- _Assigned task_: What is the number of lines in the listing below that contain the string "onbeat"? Give that number only.

==================================================

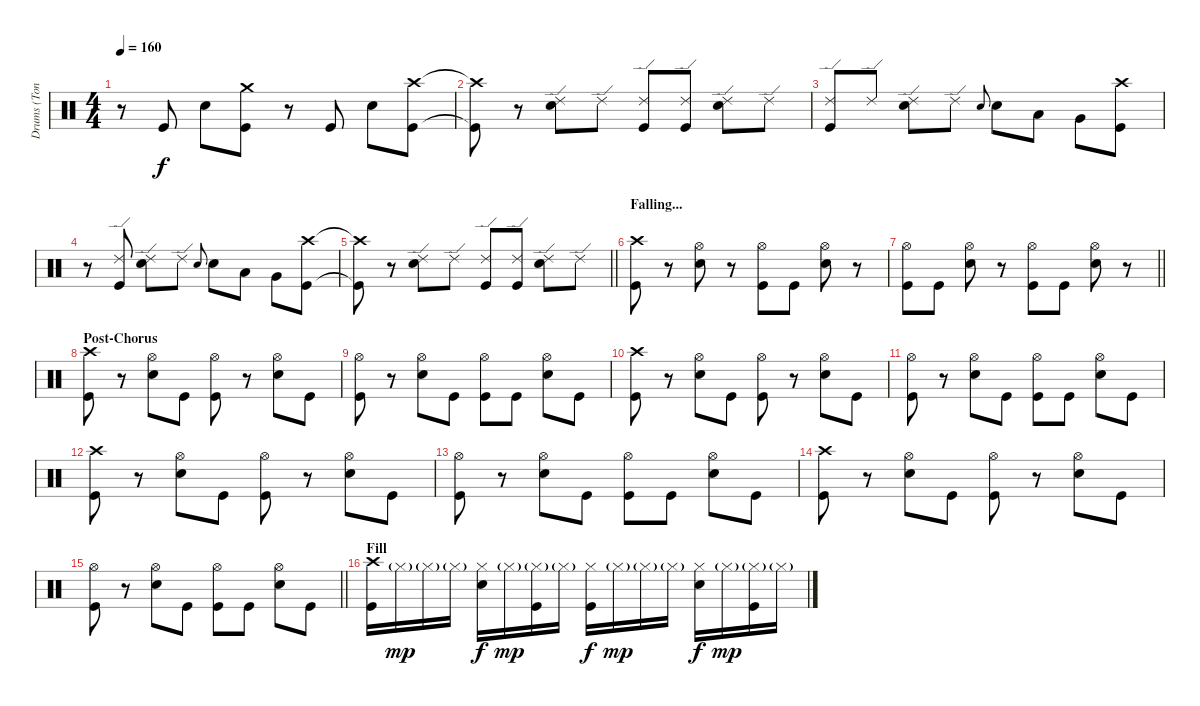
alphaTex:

\track ("Drums (Tony)" "Drums (Ton") {instrument percussion}
\staff {score}
\articulation defaults
\ts (4 4)
\tempo 160
\clef neutral
\ks c
r.8{dy f} "Kick (hit)".8 "Snare (hit) 2".8 ("Crash medium (hit)" "Kick (hit)").8 r.8 "Kick (hit)".8 "Snare (hit) 2".8 ("Crash high (hit)" "Kick (hit)").8 |
("Crash high (hit)"{t} "Kick (hit)"{t}).8 r.8 ("Ride (edge) 2" "Snare (hit) 2").8 "Ride (edge) 2".8 ("Ride (edge) 2" "Kick (hit)").8 ("Ride (edge) 2" "Kick (hit)").8 ("Ride (edge) 2" "Snare (hit) 2").8 "Ride (edge) 2".8 |
("Ride (edge) 2" "Kick (hit)").8 "Ride (edge) 2".8 ("Ride (edge) 2" "Snare (hit) 2").8 "Ride (edge) 2".8 "Snare (hit) 2".8{gr onbeat} "Snare (hit) 2".8 "Low Tom (hit)".8 "Very Low Tom (hit)".8 ("Crash high (hit)" "Kick (hit)").8 |
r.8 ("Ride (edge) 2" "Kick (hit)").8 ("Ride (edge) 2" "Snare (hit) 2").8 "Ride (edge) 2".8 "Snare (hit) 2".8{gr onbeat} "Snare (hit) 2".8 "Low Tom (hit)".8 "Very Low Tom (hit)".8 ("Crash high (hit)" "Kick (hit)").8 |
\barLineRight lightlight
("Crash high (hit)"{t} "Kick (hit)"{t}).8 r.8 ("Ride (edge) 2" "Snare (hit) 2").8 "Ride (edge) 2".8 ("Ride (edge) 2" "Kick (hit)").8 ("Ride (edge) 2" "Kick (hit)").8 ("Ride (edge) 2" "Snare (hit) 2").8 "Ride (edge) 2".8 |
\section ("" "Falling...")
("Crash high (hit)" "Kick (hit)").8 r.8 ("Hi-Hat (open)" "Snare (hit) 2").8 r.8 ("Hi-Hat (open)" "Kick (hit)").8 "Kick (hit)".8 ("Hi-Hat (open)" "Snare (hit) 2").8 r.8 |
\barLineRight lightlight
("Hi-Hat (open)" "Kick (hit)").8 "Kick (hit)".8 ("Hi-Hat (open)" "Snare (hit) 2").8 r.8 ("Hi-Hat (open)" "Kick (hit)").8 "Kick (hit)".8 ("Hi-Hat (open)" "Snare (hit) 2").8 r.8 |
\section ("" "Post-Chorus")
("Crash high (hit)" "Kick (hit)").8 r.8 ("Hi-Hat (open)" "Snare (hit) 2").8 "Kick (hit)".8 ("Hi-Hat (open)" "Kick (hit)").8 r.8 ("Hi-Hat (open)" "Snare (hit) 2").8 "Kick (hit)".8 |
("Hi-Hat (open)" "Kick (hit)").8 r.8 ("Hi-Hat (open)" "Snare (hit) 2").8 "Kick (hit)".8 ("Hi-Hat (open)" "Kick (hit)").8 "Kick (hit)".8 ("Hi-Hat (open)" "Snare (hit) 2").8 "Kick (hit)".8 |
("Crash high (hit)" "Kick (hit)").8 r.8 ("Hi-Hat (open)" "Snare (hit) 2").8 "Kick (hit)".8 ("Hi-Hat (open)" "Kick (hit)").8 r.8 ("Hi-Hat (open)" "Snare (hit) 2").8 "Kick (hit)".8 |
("Hi-Hat (open)" "Kick (hit)").8 r.8 ("Hi-Hat (open)" "Snare (hit) 2").8 "Kick (hit)".8 ("Hi-Hat (open)" "Kick (hit)").8 "Kick (hit)".8 ("Hi-Hat (open)" "Snare (hit) 2").8 "Kick (hit)".8 |
("Crash high (hit)" "Kick (hit)").8 r.8 ("Hi-Hat (open)" "Snare (hit) 2").8 "Kick (hit)".8 ("Hi-Hat (open)" "Kick (hit)").8 r.8 ("Hi-Hat (open)" "Snare (hit) 2").8 "Kick (hit)".8 |
("Hi-Hat (open)" "Kick (hit)").8 r.8 ("Hi-Hat (open)" "Snare (hit) 2").8 "Kick (hit)".8 ("Hi-Hat (open)" "Kick (hit)").8 "Kick (hit)".8 ("Hi-Hat (open)" "Snare (hit) 2").8 "Kick (hit)".8 |
("Crash high (hit)" "Kick (hit)").8 r.8 ("Hi-Hat (open)" "Snare (hit) 2").8 "Kick (hit)".8 ("Hi-Hat (open)" "Kick (hit)").8 r.8 ("Hi-Hat (open)" "Snare (hit) 2").8 "Kick (hit)".8 |
\barLineRight lightlight
("Hi-Hat (open)" "Kick (hit)").8 r.8 ("Hi-Hat (open)" "Snare (hit) 2").8 "Kick (hit)".8 ("Hi-Hat (open)" "Kick (hit)").8 "Kick (hit)".8 ("Hi-Hat (open)" "Snare (hit) 2").8 "Kick (hit)".8 |
\section ("" "Fill")
("Crash high (hit)" "Kick (hit)").16 "Hi-Hat (closed)"{g}.16{dy mp} "Hi-Hat (closed)"{g}.16 "Hi-Hat (closed)"{g}.16 ("Hi-Hat (closed)" "Snare (hit) 2").16{dy f} "Hi-Hat (closed)"{g}.16{dy mp} ("Hi-Hat (closed)"{g} "Kick (hit)").16 "Hi-Hat (closed)"{g}.16 ("Hi-Hat (closed)" "Kick (hit)").16{dy f} "Hi-Hat (closed)"{g}.16{dy mp} "Hi-Hat (closed)"{g}.16 "Hi-Hat (closed)"{g}.16 ("Hi-Hat (closed)" "Snare (hit) 2").16{dy f} "Hi-Hat (closed)"{g}.16{dy mp} ("Hi-Hat (closed)"{g} "Kick (hit)").16 "Hi-Hat (closed)"{g}.16

==================================================

- _Your solution_: 2